# Pacific Northwest School Owners



## bushidomartialarts (Mar 8, 2006)

Say, who among us owns a school or runs a program in Oregon, Washington or Idaho?


----------



## tsdclaflin (Apr 1, 2006)

How about Western Montana?  I have a school in Western MT; my association is based in Boise, Idaho.

BTW, I looking for tournament opportunities for my students in the PNW.  Preferably Tang Soo Do, but Open Tournaments are fine too.


----------



## Blindside (Apr 6, 2006)

tsdclaflin said:
			
		

> How about Western Montana?

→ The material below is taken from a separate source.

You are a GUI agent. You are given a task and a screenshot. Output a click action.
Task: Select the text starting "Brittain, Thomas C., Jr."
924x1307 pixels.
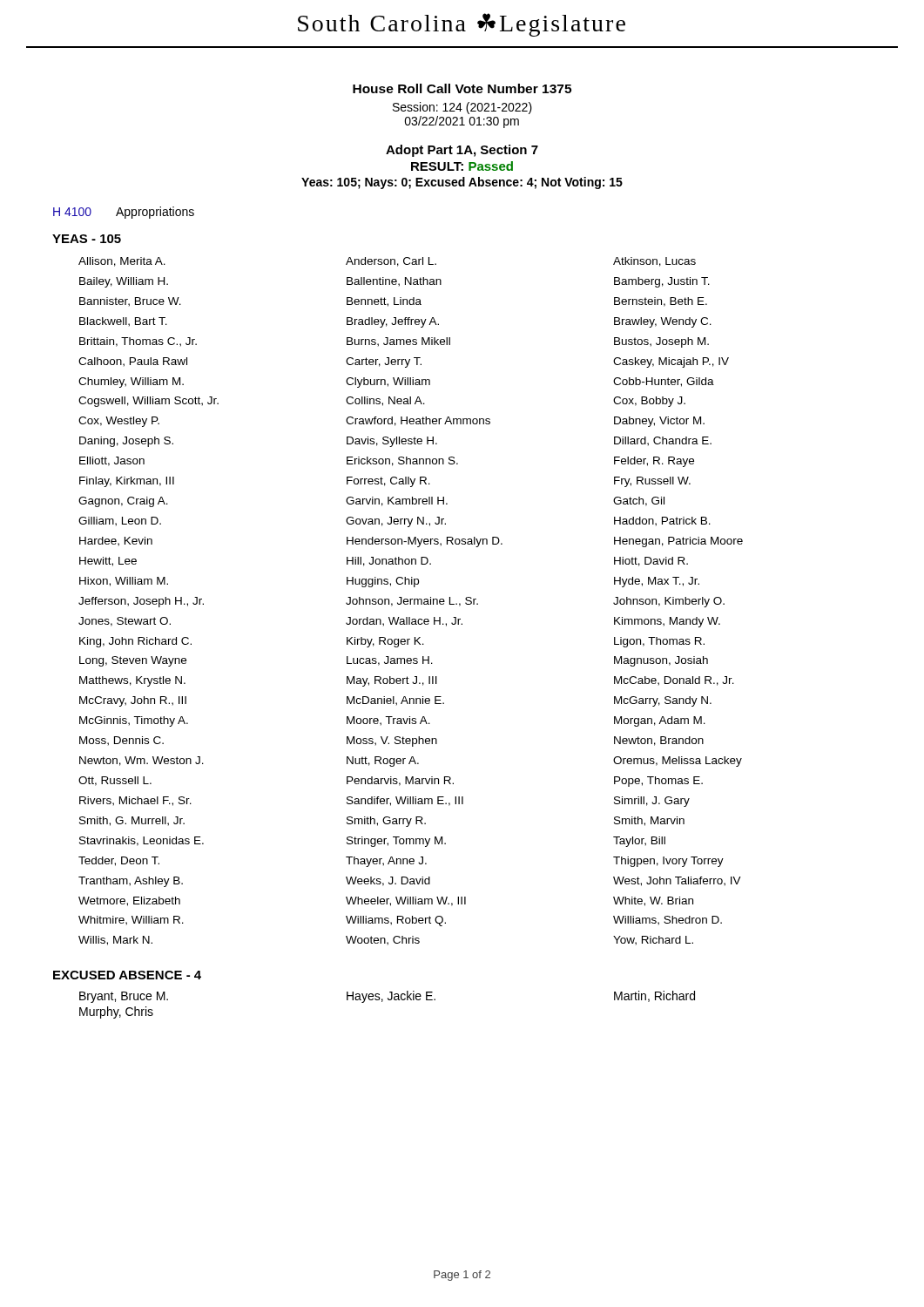point(138,341)

I have a school in Western MT; my association is based in Boise, Idaho.
> 
> BTW, I looking for tournament opportunities for my students in the PNW. Preferably Tang Soo Do, but Open Tournaments are fine too.


 
Do you attend Chris Crews' tournament?  It will be held on July 16 & 17 this year, in Missoula as usual.  

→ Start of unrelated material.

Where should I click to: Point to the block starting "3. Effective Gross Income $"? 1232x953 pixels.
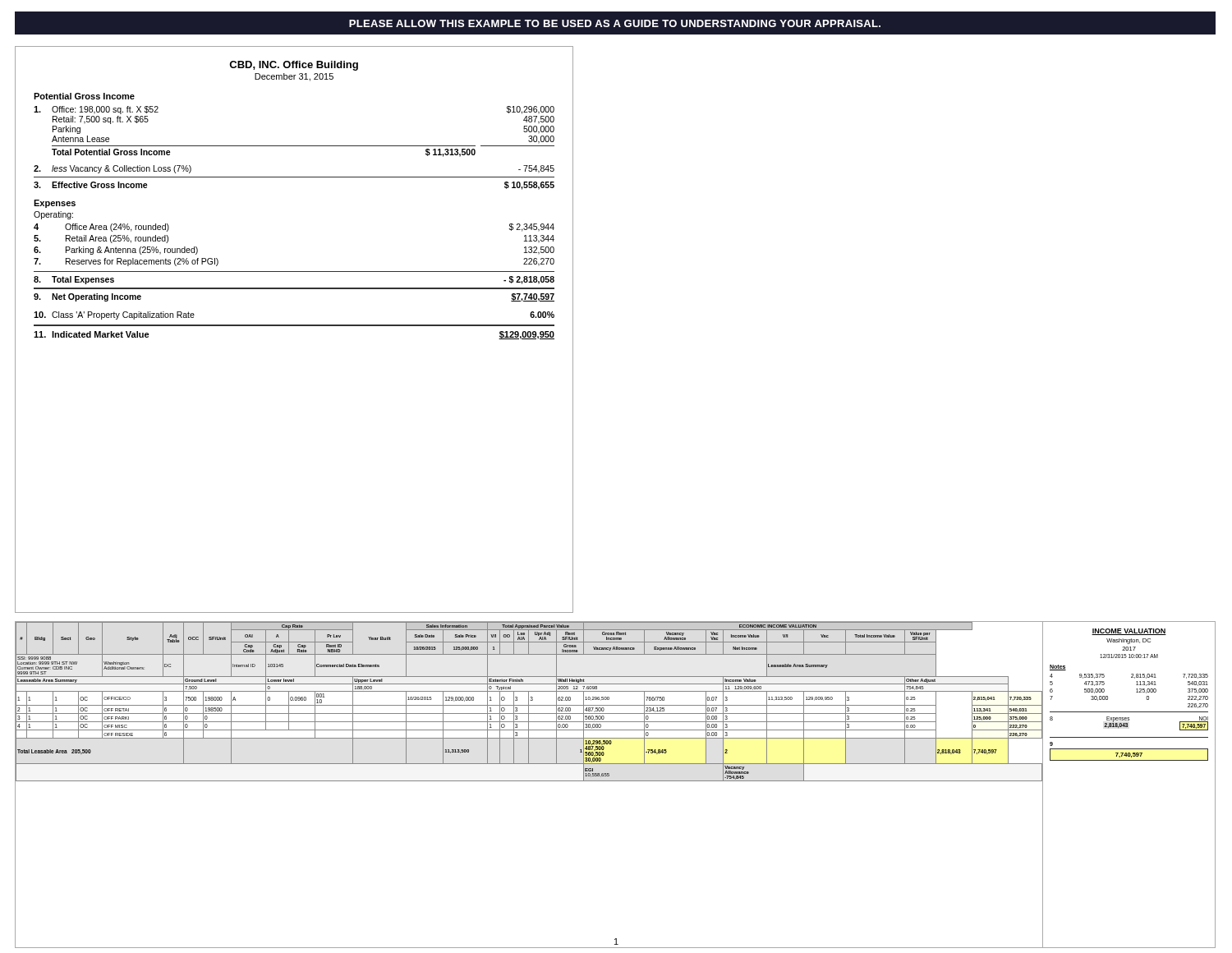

Contact information down below, listed under the Frontier Conference.
http://www.eklkarate.com/tournaments.htm?


----------



## Fluffy (May 1, 2006)

I'm in Snohomish.


----------



## kyudogrrl66 (May 10, 2006)

<raises hand>
I'm in Seattle.....


----------



## shesulsa (May 11, 2006)

Vancouver and Yacolt, Washington


----------



## Brian King (May 11, 2006)

I have a school in Bellevue Washington

See you on the floor soon
Friends
Brian King
http://systemanw.com/


----------



## Touch Of Death (May 11, 2006)

I hope to meet you all at the Spokane Tourney in two weeks!!!!!


----------



## kanjc (Sep 13, 2006)

Tacoma, washington.... o whos going to the governors cup (TKD) in october?


----------



## Hollywood1340 (Sep 20, 2006)

We run out of Missoula, MT


----------